* EXERCISE REQUIREMENTS *
Search the data for the string "graph" and extract every line where it appears.

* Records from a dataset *

=== Section Start ===

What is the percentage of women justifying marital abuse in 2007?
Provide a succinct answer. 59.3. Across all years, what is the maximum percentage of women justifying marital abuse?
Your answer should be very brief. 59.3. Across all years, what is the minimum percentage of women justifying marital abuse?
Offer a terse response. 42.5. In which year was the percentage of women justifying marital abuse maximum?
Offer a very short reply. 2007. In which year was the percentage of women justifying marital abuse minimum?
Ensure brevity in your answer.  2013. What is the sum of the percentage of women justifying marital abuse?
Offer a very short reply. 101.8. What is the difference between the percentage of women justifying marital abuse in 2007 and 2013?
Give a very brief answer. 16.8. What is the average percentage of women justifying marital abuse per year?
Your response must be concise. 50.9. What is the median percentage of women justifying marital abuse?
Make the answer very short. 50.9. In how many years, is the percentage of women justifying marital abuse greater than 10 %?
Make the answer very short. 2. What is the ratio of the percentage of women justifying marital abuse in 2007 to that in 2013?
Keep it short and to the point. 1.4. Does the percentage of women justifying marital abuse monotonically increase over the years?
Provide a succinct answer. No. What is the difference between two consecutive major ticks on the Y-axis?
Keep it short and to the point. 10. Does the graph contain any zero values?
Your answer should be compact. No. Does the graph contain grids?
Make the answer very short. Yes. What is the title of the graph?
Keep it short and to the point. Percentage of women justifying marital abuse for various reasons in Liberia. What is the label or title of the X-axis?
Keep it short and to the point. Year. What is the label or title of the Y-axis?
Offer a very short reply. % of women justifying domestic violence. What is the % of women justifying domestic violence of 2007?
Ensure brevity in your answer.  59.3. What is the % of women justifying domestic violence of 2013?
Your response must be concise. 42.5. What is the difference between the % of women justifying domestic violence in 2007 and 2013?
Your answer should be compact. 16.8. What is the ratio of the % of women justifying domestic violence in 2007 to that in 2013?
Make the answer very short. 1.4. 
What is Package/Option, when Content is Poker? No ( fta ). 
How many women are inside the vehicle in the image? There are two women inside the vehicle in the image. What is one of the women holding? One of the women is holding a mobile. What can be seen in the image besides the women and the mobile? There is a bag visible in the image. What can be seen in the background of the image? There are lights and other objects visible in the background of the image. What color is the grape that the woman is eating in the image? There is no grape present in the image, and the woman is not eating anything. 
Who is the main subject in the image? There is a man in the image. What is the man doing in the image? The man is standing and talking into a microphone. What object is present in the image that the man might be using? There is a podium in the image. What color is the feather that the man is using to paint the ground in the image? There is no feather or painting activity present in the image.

=== Section End ===

* SOLUTION TO THIS PROBLEM *
Keep it short and to the point. 10. Does the graph contain any zero values?
Your answer should be compact. No. Does the graph contain grids?
Make the answer very short. Yes. What is the title of the graph?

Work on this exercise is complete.